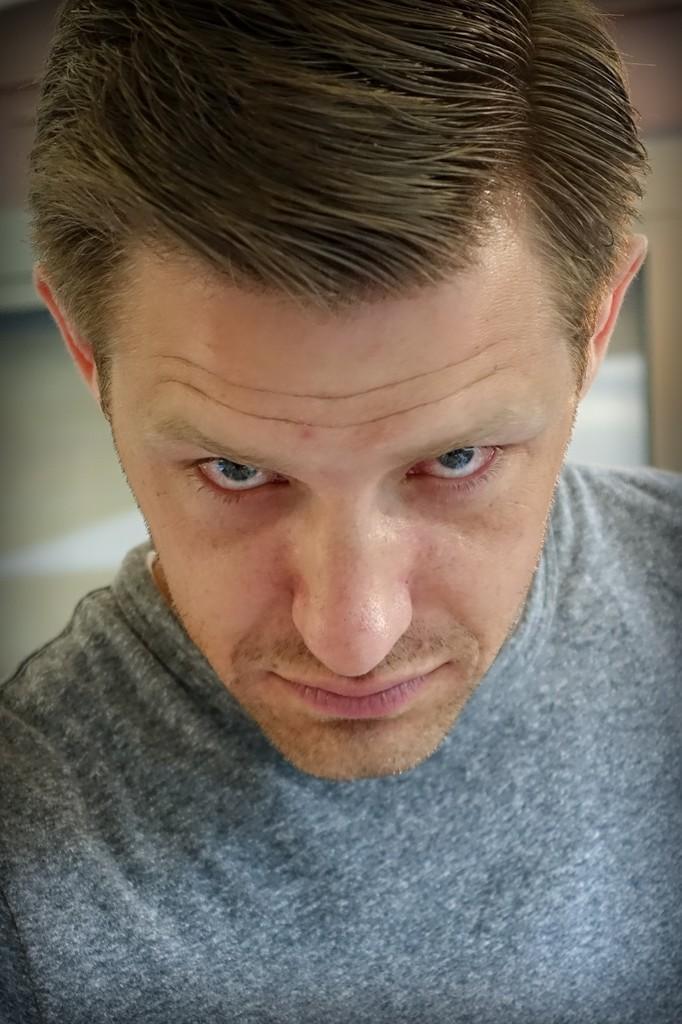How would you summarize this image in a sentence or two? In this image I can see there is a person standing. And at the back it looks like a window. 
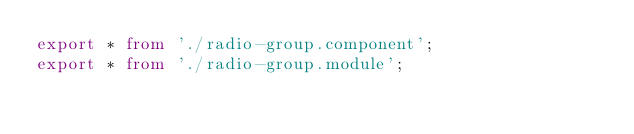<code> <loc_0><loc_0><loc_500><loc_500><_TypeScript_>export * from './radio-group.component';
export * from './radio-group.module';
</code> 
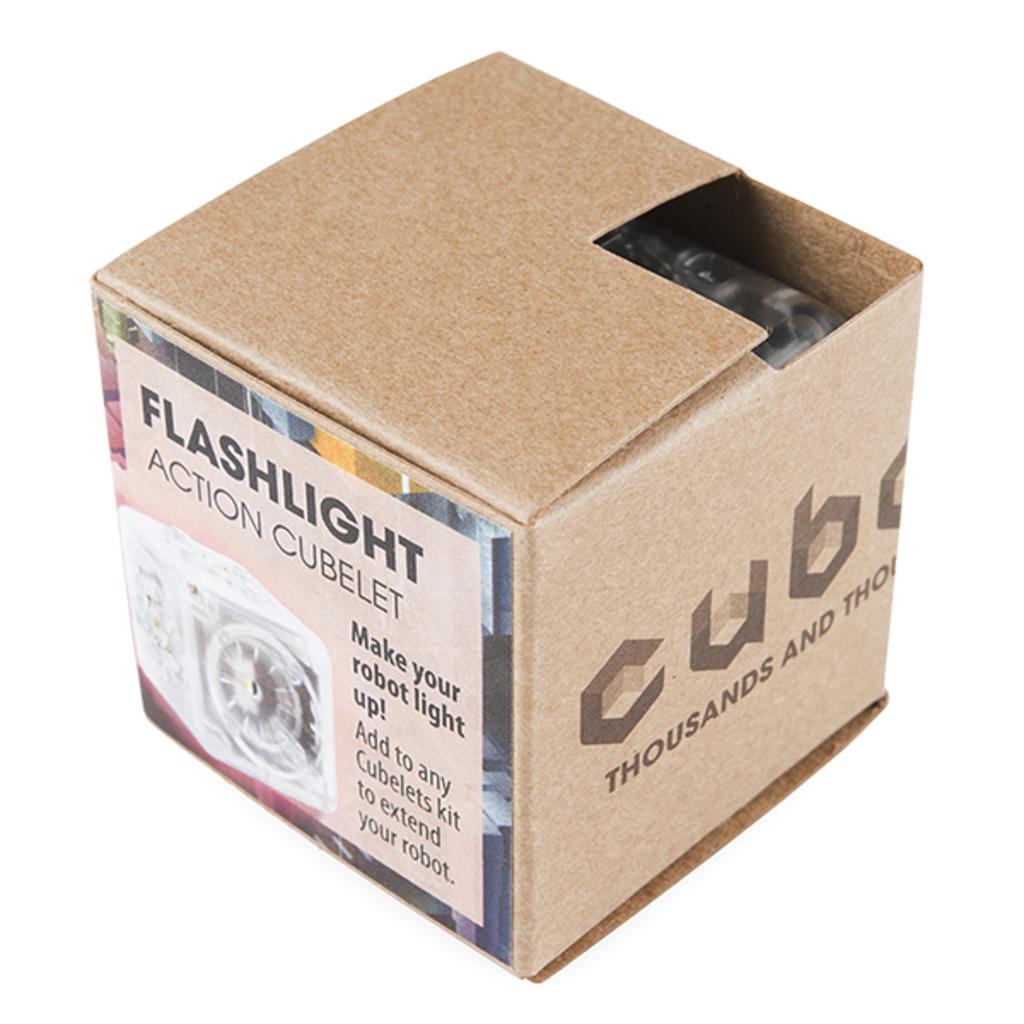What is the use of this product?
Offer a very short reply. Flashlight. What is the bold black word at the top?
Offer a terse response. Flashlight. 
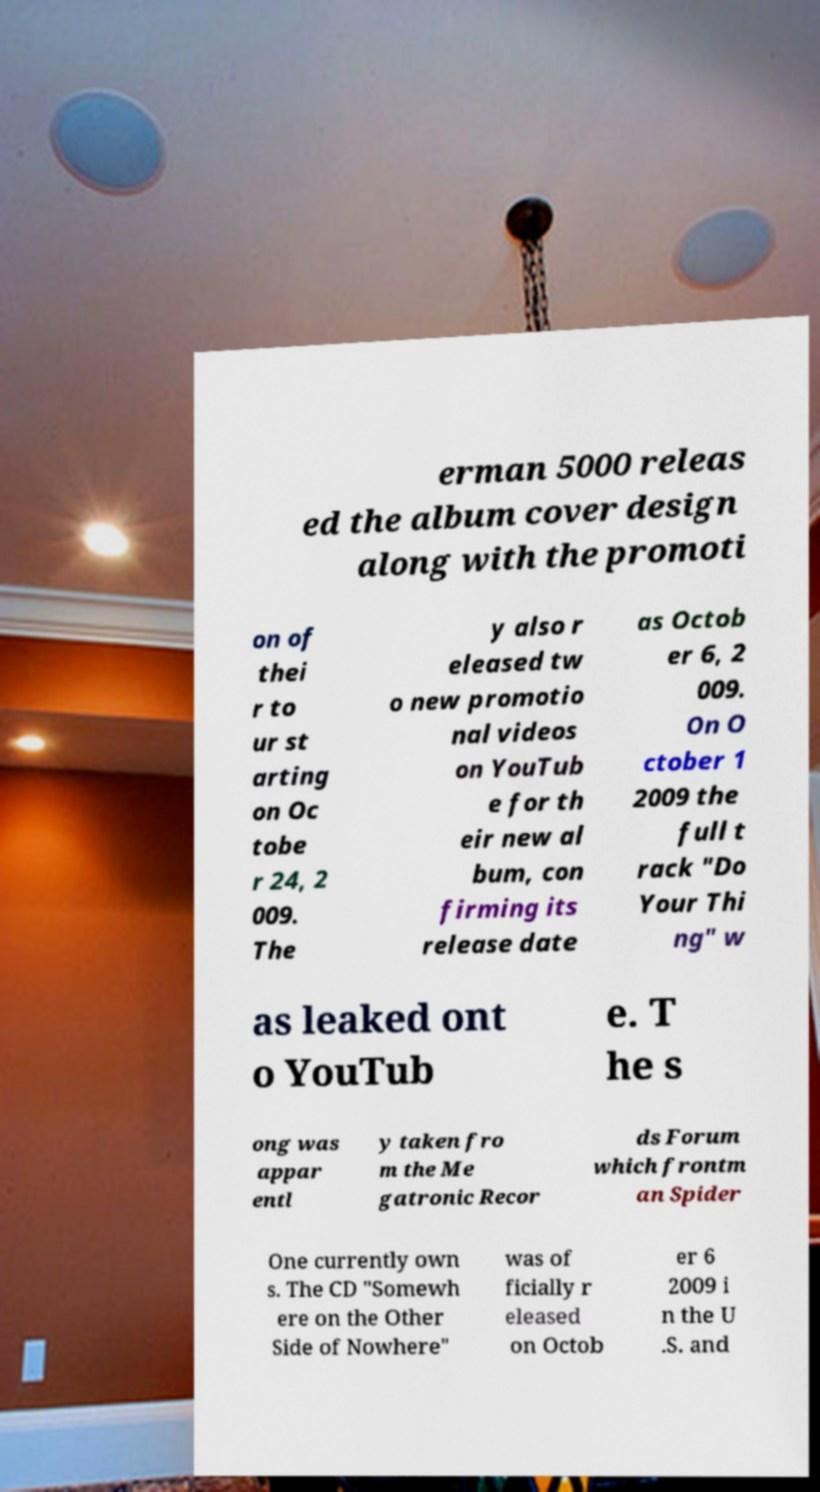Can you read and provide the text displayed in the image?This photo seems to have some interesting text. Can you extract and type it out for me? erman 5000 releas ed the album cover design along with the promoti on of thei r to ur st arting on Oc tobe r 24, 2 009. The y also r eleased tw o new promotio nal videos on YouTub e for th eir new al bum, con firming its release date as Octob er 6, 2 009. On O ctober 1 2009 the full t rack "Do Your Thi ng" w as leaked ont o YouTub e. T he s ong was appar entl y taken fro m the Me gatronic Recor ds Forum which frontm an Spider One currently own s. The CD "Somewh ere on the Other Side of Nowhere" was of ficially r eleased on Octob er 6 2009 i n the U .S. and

┄┄┄┄┄┄┄┄┄┄

- **About this task**
Repeat the listing verbatim without its pictures.

- **Answer for this exercise**
How would you summarize this image in a sentence or two? In this image I can see there is a person standing. And at the back it looks like a window. 
<code> <loc_0><loc_0><loc_500><loc_500><_TypeScript_>export * from './radio-group.component';
export * from './radio-group.module';
</code> 
What is the use of this product?
Offer a very short reply. Flashlight. What is the bold black word at the top?
Offer a terse response. Flashlight. 
Can you read and provide the text displayed in the image?This photo seems to have some interesting text. Can you extract and type it out for me? erman 5000 releas ed the album cover design along with the promoti on of thei r to ur st arting on Oc tobe r 24, 2 009. The y also r eleased tw o new promotio nal videos on YouTub e for th eir new al bum, con firming its release date as Octob er 6, 2 009. On O ctober 1 2009 the full t rack "Do Your Thi ng" w as leaked ont o YouTub e. T he s ong was appar entl y taken fro m the Me gatronic Recor ds Forum which frontm an Spider One currently own s. The CD "Somewh ere on the Other Side of Nowhere" was of ficially r eleased on Octob er 6 2009 i n the U .S. and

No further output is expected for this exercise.